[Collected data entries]
>>>>

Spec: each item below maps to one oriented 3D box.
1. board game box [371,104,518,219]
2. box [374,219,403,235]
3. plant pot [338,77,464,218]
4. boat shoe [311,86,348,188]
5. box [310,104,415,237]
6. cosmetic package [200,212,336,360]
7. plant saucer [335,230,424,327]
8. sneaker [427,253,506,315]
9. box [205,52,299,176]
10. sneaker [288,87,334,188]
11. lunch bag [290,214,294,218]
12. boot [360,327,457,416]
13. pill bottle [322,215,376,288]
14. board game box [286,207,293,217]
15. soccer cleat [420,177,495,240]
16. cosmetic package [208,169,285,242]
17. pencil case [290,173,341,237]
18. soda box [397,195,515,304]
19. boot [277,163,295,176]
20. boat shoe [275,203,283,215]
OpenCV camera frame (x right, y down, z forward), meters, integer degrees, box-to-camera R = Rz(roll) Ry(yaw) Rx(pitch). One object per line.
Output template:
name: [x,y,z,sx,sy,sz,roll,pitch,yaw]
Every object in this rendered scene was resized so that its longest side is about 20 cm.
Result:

<<<<
>>>>

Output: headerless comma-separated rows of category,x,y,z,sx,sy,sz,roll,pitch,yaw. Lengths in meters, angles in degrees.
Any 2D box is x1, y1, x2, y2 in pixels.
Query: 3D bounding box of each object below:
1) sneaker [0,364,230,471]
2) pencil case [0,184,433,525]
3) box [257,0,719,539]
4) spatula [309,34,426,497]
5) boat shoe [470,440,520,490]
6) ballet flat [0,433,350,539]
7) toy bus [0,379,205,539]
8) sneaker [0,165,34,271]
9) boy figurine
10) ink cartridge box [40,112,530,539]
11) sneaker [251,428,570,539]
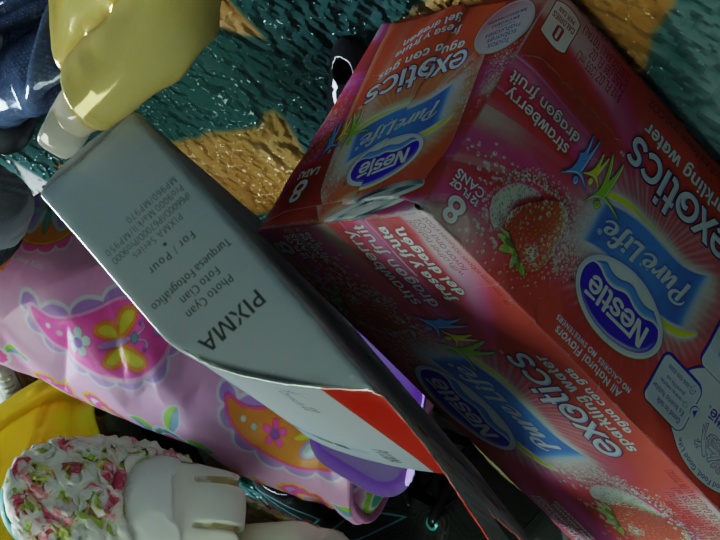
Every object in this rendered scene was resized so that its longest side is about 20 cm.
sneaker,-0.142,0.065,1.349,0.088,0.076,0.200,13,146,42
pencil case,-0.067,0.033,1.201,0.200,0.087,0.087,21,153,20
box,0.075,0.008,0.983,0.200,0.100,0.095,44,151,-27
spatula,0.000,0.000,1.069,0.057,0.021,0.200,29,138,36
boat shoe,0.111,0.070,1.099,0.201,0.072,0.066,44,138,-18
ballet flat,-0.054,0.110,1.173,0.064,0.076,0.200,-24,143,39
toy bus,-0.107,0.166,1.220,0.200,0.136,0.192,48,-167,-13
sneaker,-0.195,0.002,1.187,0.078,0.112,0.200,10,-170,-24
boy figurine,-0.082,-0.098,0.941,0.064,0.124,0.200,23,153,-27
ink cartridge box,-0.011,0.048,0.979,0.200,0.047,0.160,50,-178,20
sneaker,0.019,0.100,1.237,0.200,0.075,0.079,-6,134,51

<<<<
>>>>

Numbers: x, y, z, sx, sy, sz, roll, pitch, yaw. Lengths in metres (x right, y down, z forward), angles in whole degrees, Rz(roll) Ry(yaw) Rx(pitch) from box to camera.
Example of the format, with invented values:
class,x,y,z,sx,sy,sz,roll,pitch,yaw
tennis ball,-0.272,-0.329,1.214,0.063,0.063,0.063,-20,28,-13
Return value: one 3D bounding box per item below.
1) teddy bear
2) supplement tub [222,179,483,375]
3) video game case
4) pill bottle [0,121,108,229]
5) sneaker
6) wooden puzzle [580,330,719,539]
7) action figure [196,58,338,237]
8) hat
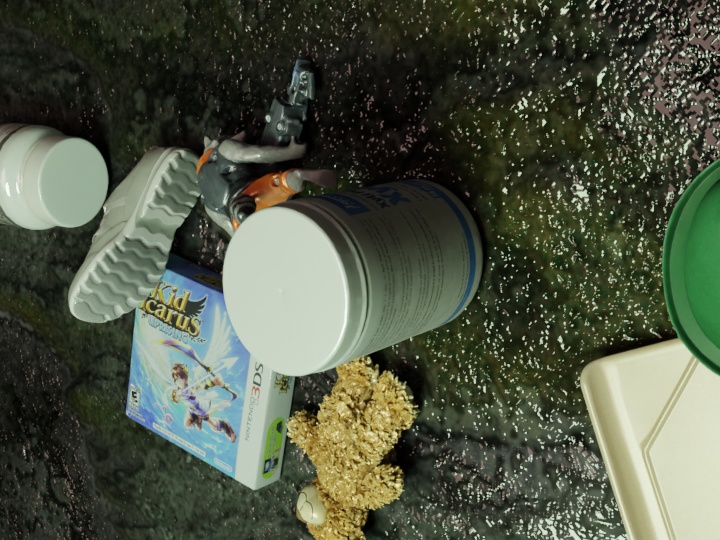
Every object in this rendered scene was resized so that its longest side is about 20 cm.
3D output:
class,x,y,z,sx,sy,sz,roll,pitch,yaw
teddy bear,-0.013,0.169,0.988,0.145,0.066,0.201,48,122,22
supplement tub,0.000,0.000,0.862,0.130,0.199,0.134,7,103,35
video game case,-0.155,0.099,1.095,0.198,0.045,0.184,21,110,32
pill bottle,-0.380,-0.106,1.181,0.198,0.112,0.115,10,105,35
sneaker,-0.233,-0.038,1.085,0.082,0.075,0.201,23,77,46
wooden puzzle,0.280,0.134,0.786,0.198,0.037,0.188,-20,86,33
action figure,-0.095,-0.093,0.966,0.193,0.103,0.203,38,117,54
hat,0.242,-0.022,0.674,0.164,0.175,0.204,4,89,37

<<<<

Please give back, exactly as it stands above, the stretch from the line with "4) spatula [309,34,426,497]" through the line with "11) sneaker [251,428,570,539]", and no line outside it.

4) spatula [309,34,426,497]
5) boat shoe [470,440,520,490]
6) ballet flat [0,433,350,539]
7) toy bus [0,379,205,539]
8) sneaker [0,165,34,271]
9) boy figurine
10) ink cartridge box [40,112,530,539]
11) sneaker [251,428,570,539]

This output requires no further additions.